We have very high taxes. And, thanks to our incompetent and corrupt administration, unknown debt obligations have made it impossible for Ramapo to borrow money. (We will know more about our finances when we finally get our long overdue audited financials for 2015, 2016, 2017, and now 2018 sometime in the indefinite future!)
These problems are obvious to most of our community, but Specht will trot out his experts to demonstrate that things are not so bad. Opponents of his plans will need to hire their own experts at great cost to fight against Ramapo’s new master plan and town lawyers financed by tax dollars. Do they have the resources to do it?
Why are Specht and Montal willing to stir up a hornet’s nest in Ramapo? The immediate problem as noted above is a legal one. They can’t ignore recent legal challenges to their sellout. But we also have to look at our demographic situation. There is an old saying “demography is destiny.” We now have a Hasidic population of perhaps 40,000 residents, and it is growing rapidly.
Housing is the Achilles heel of this community. Young people are supposed to marry at a very young age and have large families. There is real anger among young people whose need for housing is desperate. The legitimacy of their rabbis depends upon the satisfaction of this need. Then, of course, we have the developers who are encouraging more young families to move into Ramapo. Housing costs are high here but are higher still in Brooklyn.

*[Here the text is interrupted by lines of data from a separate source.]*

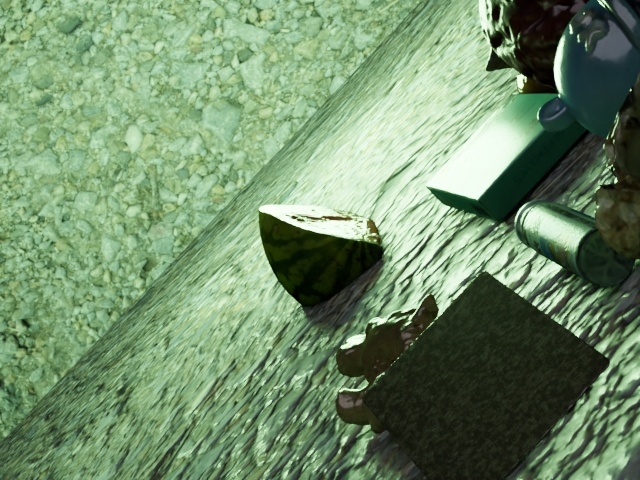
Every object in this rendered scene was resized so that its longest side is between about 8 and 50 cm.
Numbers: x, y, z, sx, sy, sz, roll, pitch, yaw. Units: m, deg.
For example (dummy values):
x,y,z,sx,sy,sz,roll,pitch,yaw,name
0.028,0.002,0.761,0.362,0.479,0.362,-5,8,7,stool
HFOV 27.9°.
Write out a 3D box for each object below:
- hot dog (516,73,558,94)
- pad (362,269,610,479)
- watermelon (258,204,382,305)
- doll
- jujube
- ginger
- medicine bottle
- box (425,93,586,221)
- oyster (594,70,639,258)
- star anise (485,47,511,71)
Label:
x,y,z,sx,sy,sz,roll,pitch,yaw,name
0.285,-0.206,1.553,0.090,0.060,0.140,-54,6,-18,hot dog
0.122,0.112,1.020,0.158,0.003,0.235,-46,22,-1,pad
-0.012,0.025,1.790,0.303,0.159,0.128,-125,41,-80,watermelon
0.324,-0.196,1.138,0.314,0.141,0.177,-38,30,13,doll
0.284,-0.251,1.370,0.197,0.197,0.290,-47,26,-6,jujube
0.061,0.117,1.209,0.149,0.065,0.259,-53,15,-22,ginger
0.212,-0.002,1.093,0.051,0.051,0.191,-46,10,2,medicine bottle
0.213,-0.099,1.465,0.162,0.041,0.229,-46,11,-3,box
0.330,-0.103,0.973,0.294,0.094,0.166,-33,33,15,oyster
0.330,-0.339,1.731,0.315,0.108,0.315,-47,12,13,star anise

We now live in a community where more than two-thirds of our residents are confronting a remarkably well-organized minority that elected Michael Specht and his complicit board. This community has no choice but to fight for more housing in a town that does not have the infrastructure or tax base to support it.
Growth will be limited by two problems that cannot be ignored indefinitely. Our rapid population growth will test the ability of our residents to tolerate ever more traffic, flooding, fire emergencies and sewer overflows. Then there will be the fiscal limits. Ramapo will not be able to raise the huge sums of money necessary to build an infrastructure commensurate with our status as an accidental city.
Governor Andrew Cuomo and Mayor Bill de Blasio have quietly worked with the developers and leaders of the Hasidic community to further their mutual interests. How long will this political alliance remain unchallenged?